Jack Murnighan, orang kami di Burma yang suka minum dari botol aneh, menukar hidupnya sebagai eksekutif media digital untuk kesenangan hidup yang lebih sederhana di negara yang sangat asing. Setelah membaca ini, kita bisa melihat mengapa.
MYANMAR – Semua orang bertanya mengapa saya di Myanmar, mengapa saya belajar bahasa Burma, mengapa saya belajar begitu keras. Jika saya baru saja mengatakan bahwa kemarin pasangan muda di kereta memperhatikan buku teks saya, tersenyum padaku, dan kemudian membawakan saya telur rebus, itu menjelaskan? Atau bahwa setelah mengobrol di Burmaglish dengan sopir taksi buddha saya selama setengah jam, dia bersikeras agar saya membawa pulang makan malamnya yang dia bawa di tas di sebelahnya?

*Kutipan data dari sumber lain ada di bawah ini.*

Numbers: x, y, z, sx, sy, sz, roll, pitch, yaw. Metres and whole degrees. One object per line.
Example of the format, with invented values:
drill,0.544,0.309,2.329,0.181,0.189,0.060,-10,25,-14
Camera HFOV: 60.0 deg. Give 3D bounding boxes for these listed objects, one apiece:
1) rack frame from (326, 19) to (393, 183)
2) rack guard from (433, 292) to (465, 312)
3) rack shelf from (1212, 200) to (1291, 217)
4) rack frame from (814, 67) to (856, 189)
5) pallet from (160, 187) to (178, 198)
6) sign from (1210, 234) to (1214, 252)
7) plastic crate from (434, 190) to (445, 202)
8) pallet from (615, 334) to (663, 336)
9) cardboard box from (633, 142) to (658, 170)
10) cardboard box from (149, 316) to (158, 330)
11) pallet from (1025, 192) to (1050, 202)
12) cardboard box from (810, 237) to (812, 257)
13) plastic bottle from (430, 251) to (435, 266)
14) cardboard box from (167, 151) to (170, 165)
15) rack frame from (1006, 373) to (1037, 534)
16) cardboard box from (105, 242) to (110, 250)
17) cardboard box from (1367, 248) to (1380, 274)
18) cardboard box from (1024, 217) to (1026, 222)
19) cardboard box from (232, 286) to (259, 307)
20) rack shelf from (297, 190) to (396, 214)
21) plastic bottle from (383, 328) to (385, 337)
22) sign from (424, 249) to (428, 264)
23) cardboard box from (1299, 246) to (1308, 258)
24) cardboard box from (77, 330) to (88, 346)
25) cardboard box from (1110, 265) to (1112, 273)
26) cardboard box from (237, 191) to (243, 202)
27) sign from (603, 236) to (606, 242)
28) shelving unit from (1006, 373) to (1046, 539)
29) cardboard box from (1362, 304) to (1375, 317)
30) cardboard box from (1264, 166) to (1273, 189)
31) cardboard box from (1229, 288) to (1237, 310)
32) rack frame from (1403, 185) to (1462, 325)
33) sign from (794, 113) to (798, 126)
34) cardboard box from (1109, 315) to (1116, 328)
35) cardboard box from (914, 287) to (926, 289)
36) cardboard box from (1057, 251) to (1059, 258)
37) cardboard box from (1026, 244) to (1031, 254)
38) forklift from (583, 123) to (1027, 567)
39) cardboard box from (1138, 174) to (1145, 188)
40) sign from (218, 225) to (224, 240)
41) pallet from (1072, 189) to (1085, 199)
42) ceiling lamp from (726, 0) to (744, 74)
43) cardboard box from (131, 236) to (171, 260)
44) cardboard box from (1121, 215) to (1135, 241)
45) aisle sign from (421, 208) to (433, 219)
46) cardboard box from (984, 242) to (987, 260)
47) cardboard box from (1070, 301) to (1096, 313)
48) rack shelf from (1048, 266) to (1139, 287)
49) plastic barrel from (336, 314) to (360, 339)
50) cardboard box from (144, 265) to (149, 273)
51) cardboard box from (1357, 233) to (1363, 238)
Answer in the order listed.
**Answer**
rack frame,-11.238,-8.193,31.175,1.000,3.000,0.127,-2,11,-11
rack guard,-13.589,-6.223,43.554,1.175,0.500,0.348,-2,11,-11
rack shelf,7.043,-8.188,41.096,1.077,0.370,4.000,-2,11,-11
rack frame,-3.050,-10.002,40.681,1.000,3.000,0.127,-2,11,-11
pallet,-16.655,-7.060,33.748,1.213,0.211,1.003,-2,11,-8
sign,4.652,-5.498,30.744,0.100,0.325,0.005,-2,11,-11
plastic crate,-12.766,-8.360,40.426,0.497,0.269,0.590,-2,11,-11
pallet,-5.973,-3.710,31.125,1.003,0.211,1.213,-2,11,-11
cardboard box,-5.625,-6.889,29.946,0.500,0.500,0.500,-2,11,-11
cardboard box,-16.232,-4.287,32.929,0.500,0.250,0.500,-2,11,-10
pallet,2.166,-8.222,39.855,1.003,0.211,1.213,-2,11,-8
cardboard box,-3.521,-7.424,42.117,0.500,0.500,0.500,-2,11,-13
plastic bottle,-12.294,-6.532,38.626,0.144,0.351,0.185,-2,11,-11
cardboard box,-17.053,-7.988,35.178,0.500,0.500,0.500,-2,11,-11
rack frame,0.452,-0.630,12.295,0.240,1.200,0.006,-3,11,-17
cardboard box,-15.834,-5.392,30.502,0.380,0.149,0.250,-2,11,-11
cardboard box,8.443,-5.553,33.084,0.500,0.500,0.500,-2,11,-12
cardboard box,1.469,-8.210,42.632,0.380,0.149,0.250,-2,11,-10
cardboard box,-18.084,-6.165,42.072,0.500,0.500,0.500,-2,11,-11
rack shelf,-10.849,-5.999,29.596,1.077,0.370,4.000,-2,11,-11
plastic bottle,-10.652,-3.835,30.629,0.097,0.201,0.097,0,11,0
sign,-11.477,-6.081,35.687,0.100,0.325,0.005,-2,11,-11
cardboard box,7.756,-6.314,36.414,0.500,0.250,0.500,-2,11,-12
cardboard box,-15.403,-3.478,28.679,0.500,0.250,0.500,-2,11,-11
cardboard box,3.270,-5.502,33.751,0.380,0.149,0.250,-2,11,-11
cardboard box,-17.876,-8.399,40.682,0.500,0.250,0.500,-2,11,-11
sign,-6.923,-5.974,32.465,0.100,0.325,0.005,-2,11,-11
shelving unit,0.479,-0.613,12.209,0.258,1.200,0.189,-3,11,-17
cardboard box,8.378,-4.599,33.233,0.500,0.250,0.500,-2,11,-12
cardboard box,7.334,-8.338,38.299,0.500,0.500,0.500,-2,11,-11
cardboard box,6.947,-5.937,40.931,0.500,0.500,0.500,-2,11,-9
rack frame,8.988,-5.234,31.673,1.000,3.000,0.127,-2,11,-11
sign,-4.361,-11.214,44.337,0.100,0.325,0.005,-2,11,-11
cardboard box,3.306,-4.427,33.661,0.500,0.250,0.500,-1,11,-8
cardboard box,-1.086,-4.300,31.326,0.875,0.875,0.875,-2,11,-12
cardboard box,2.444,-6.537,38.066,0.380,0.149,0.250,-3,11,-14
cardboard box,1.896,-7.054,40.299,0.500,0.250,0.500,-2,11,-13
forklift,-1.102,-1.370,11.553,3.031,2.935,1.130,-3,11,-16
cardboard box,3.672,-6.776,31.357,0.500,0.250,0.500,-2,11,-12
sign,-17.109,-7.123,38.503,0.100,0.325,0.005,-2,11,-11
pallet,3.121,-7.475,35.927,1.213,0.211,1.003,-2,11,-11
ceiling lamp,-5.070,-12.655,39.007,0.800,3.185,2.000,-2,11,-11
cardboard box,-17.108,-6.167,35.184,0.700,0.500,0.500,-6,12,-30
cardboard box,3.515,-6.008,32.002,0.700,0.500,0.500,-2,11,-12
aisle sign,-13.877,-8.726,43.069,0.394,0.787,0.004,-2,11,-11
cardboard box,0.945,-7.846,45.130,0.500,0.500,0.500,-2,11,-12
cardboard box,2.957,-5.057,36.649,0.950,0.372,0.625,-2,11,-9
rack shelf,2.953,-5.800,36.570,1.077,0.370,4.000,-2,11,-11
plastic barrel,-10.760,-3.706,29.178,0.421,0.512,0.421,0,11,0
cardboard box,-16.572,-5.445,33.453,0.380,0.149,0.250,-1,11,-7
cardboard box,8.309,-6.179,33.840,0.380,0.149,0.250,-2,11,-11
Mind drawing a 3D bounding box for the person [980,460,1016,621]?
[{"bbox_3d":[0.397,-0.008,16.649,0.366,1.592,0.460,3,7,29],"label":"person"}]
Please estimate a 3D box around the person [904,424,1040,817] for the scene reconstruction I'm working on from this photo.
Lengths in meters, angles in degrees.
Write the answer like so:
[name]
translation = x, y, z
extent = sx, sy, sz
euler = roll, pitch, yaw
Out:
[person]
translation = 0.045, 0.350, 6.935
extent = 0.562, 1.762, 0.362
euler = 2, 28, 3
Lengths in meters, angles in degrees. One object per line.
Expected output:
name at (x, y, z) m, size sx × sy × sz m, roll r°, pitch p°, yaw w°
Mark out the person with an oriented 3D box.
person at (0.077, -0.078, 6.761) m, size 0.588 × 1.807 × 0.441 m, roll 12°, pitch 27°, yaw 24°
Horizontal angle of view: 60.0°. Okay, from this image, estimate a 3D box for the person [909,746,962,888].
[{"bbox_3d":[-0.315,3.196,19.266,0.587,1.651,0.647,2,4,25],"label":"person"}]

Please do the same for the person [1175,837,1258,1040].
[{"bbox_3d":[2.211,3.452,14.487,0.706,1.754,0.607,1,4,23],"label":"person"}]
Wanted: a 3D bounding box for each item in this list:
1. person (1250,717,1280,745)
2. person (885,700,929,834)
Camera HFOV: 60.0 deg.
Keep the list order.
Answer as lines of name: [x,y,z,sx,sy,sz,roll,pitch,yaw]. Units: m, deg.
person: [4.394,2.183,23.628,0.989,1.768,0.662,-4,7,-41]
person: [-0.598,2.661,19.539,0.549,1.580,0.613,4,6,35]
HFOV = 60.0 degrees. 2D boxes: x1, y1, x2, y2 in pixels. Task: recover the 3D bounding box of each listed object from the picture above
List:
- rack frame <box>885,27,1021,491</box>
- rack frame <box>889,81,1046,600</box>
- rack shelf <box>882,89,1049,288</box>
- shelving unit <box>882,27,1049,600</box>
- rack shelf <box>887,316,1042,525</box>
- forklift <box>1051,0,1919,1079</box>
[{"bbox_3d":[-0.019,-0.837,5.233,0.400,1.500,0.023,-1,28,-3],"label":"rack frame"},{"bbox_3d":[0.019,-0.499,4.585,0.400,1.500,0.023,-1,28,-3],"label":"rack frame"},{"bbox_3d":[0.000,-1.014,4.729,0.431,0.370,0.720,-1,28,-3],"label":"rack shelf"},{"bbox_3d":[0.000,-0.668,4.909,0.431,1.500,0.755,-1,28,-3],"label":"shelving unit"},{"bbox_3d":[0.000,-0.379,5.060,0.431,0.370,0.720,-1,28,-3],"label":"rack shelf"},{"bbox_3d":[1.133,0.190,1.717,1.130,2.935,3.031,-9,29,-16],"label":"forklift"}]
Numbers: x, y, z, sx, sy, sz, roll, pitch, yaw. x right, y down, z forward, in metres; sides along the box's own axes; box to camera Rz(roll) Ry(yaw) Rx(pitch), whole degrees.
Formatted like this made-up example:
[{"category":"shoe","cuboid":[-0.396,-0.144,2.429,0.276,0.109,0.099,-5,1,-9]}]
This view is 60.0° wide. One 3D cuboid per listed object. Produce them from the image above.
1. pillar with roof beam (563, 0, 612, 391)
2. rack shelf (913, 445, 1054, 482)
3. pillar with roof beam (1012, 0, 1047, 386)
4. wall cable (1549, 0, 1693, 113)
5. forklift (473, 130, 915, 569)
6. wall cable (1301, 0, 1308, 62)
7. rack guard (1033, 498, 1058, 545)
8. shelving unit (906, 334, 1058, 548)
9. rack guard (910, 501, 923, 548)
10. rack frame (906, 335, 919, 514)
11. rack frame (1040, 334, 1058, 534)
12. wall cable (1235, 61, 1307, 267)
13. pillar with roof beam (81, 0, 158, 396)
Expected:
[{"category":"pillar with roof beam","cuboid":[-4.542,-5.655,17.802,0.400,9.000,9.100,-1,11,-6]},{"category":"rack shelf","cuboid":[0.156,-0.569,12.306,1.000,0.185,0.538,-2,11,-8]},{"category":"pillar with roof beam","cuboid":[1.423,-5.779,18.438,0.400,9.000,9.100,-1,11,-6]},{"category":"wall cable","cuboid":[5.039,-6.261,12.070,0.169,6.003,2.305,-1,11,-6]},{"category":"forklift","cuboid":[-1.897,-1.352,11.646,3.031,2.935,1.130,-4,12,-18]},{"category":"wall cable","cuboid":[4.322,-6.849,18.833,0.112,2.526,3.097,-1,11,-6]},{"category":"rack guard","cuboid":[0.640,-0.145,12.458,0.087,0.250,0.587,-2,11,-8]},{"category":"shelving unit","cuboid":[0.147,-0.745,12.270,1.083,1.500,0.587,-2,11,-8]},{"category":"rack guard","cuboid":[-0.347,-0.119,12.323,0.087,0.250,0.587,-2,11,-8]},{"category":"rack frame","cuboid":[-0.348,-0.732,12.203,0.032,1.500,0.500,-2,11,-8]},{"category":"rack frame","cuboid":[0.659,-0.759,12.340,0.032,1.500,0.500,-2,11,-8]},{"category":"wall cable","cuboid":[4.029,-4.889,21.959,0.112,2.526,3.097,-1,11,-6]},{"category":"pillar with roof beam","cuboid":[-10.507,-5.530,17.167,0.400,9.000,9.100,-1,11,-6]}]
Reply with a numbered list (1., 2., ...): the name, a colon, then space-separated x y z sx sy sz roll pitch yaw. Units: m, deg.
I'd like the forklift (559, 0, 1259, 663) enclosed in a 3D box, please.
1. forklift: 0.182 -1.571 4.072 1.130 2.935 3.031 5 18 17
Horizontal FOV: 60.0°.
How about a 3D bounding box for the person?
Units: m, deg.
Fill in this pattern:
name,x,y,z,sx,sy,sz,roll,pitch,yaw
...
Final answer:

Itu tidak semua - sejauh ini. Ada keluarga Kristen pindah ke Amerika pada bulan Desember, dan saya membantu persiapan putri mereka untuk esai SAT. Ayah selalu menyebutku berkah yang dikirim Tuhan, dan mereka menyajikan saya makanan yang indah sampai saya kenyang sehingga saya harus istirahat.
Tadi malam saya berjalan melewati masjid besar untuk mencari rasa baru. Saya akhirnya makan dhosa dengan seorang pria Muslim yang mengkhawatirkan tekanan darah saya karena saya tidak punya istri. Kemudian saya makan chapati dan kari kentang dengan anak laki-laki Hindu kurus, duduk di pintu masuk ke gedung yang hancur untuk keluar dari hujan.
Sebuah gubuk di Burma.
Rekan percakapan Burma saya membawakan saya kemeja yang dibuat di desanya. Dia mendapat ukuran terbesar, dan mereka membentang di atas saya dengan kencang tetapi pas begitu saja. Salah satunya adalah cek yang indah, yang lain hampir seperti kemeja bowling dengan sulaman yang sangat berat. Estetikanya sangat asing, tapi saya curiga itu sangat mewah. Saya telah diundang ke desa dan akan pergi ketika Burma saya lebih baik. Ini adalah tempat terpanas di Myanmar — pusat neraka — tetapi kaosnya tahan panas, saya diberitahu.
Berjalan di jalan memakai a begitu , rok tradisional Burma untuk pria, Saya mendapatkan acungan jempol dan sorak-sorai persetujuan dari laki-laki dari segala usia. Wanita tersenyum diam-diam dan berbisik, tapi aku menangkap kata-katanya dan menyisir sesuatu yang lancang kembali ke mereka. Mereka tertawa dan tersipu. Saya berhenti untuk mendapatkan kon-ya (kunyah pinang, apa yang orang hindu sebut paan ), tetapi, lagi, vendor tidak akan menagih saya. Dia mungkin menghasilkan tiga dolar per hari.
Makanan yang murah hati.
Penjual teh di dekat stasiun kereta juga tidak akan menagih saya. Saya duduk dan mengobrol dengan para biarawan dan orang-orang tua, keringat di semua pakaianku. Saya tetap mencoba, tapi dia tidak akan mengambil uang saya. Aku akan membawa kembali cokelat untuknya dan keluarganya.
Ada tukang perahu di sungai dengan perahu kecil yang akan membawa saya dan sepeda saya ke seberang. Dalam perjalanan, kita akan menghindari tongkang dan memuat kapal tanker kontainer, 100 kaki tingginya. Ada desa-desa melewati pantai jauh dan kompleks industri di tengah pohon-pohon palem. Tak satu pun dari itu berhasil masuk ke peta besar kota, juga bukan, tentu saja, apakah itu disebutkan dalam buku panduan. Ini akan menjadi dunia lain.
Dan tahun depan, dengan asumsi saya dapat berbicara dengan mudah, Aku akan pergi jauh. Tinggalkan semua bahasa Inggris, semua hotel, semua peta. Tinggalkan listrik, air mengalir, daging. Tinggalkan harapan tempat tidur, sebuah sendok, atau rasa bakat apa pun. Lupakan keakraban.
Untuk memiliki dan tidak – kehidupan yang Anda kenal dan kebalikannya, masing-masing menempatkan yang lain dalam kelegaan yang paling nyata. Ini adalah resep untuk rasa syukur. Mengapa saya tidak belajar bahasa Burma?